I have decided to get my own machine tools. A good friend gave me his drill mill which I have used previously a very long time ago. I'm still looking for a lathe. The mill is 3phase and I've decided to go with a rotary phase converter so a 3phase lathe is fine as well. It turns out that I could get a 240v 32amp supply to the garage. I very much doubt I'll need anything like that, but it's nice to know.
I'd like a bit more info on the rotary phase converter. Do you just need the one to be able to run multiple tools? Does it run on one circuit/hotpoint and switch between tools as needed? I have a 3 phase car hoist that I need to get sorted on my single phase supply but thought rotary phase converters were pretty pricey. Was looking into the VFD option although there would be hp losses.
I've been trolling through TradeMe and the price that 2nd hand lathes are going for is a bit crazy. If I can swing it I'll get a new 240v 10a lathe.
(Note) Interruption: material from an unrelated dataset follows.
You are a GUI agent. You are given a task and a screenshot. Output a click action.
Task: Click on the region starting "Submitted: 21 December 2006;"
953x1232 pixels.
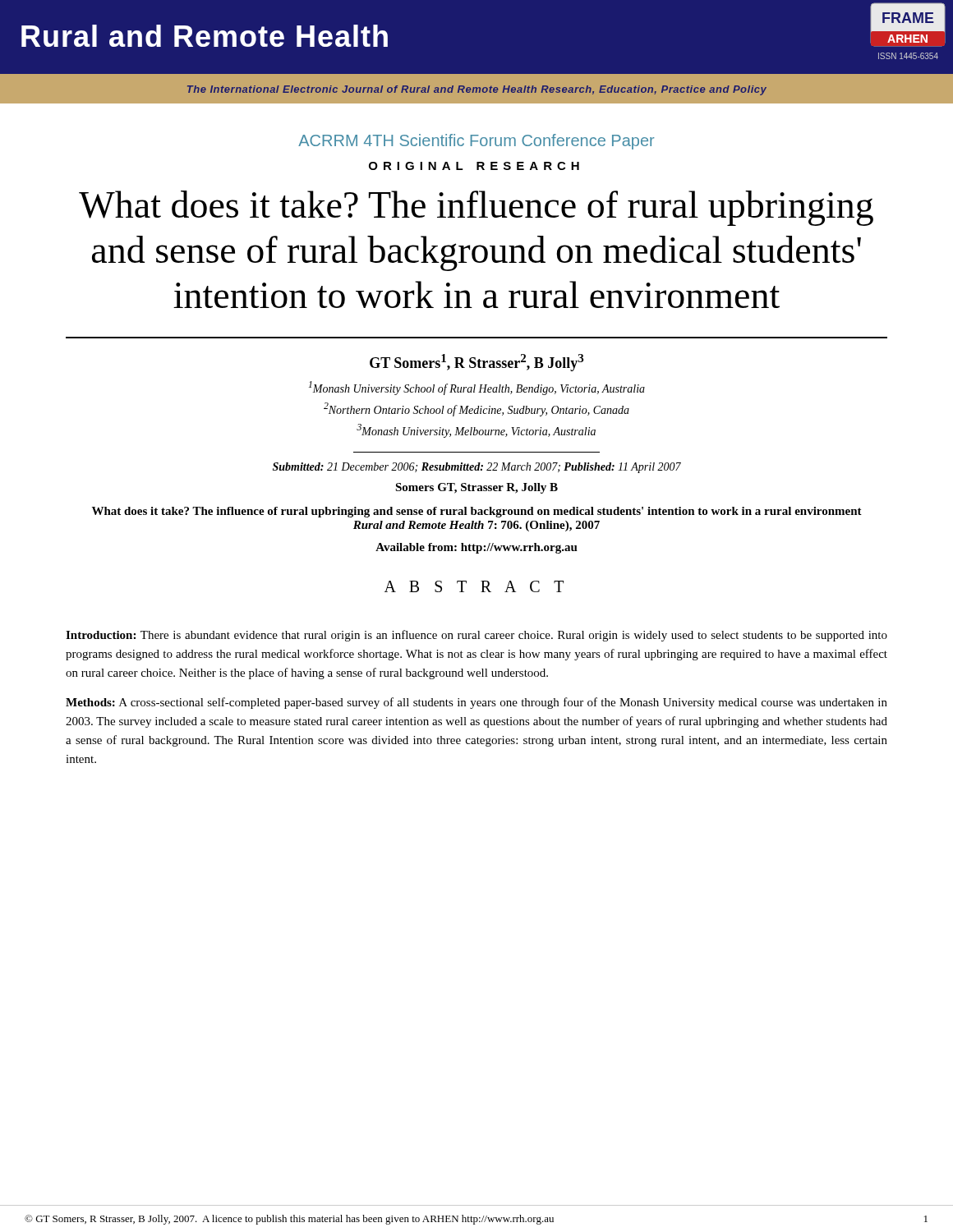point(476,467)

It'll be a bit smaller than most of the 2nd hand ones I have seen but will be big enough for the vast majority of my work. At the moment I have my eye on one with 320 swing, 600 between centres, and 38mm spindle bore. That changes supply requirements. I'm still going with a 32A 240v supply to the garage as it will be useful if we ever lose our minds and buy a PHEV. The rotary converter is now not the best option as I will only have one device to connect. You only get about 70% of the torque with a VFD but that really will not matter with what I'm doing. My mate Dave is looking at prices for Hugong welders for me. Even a 200a AC DC HF Tig only needs a 15A supply so it will be a breeze.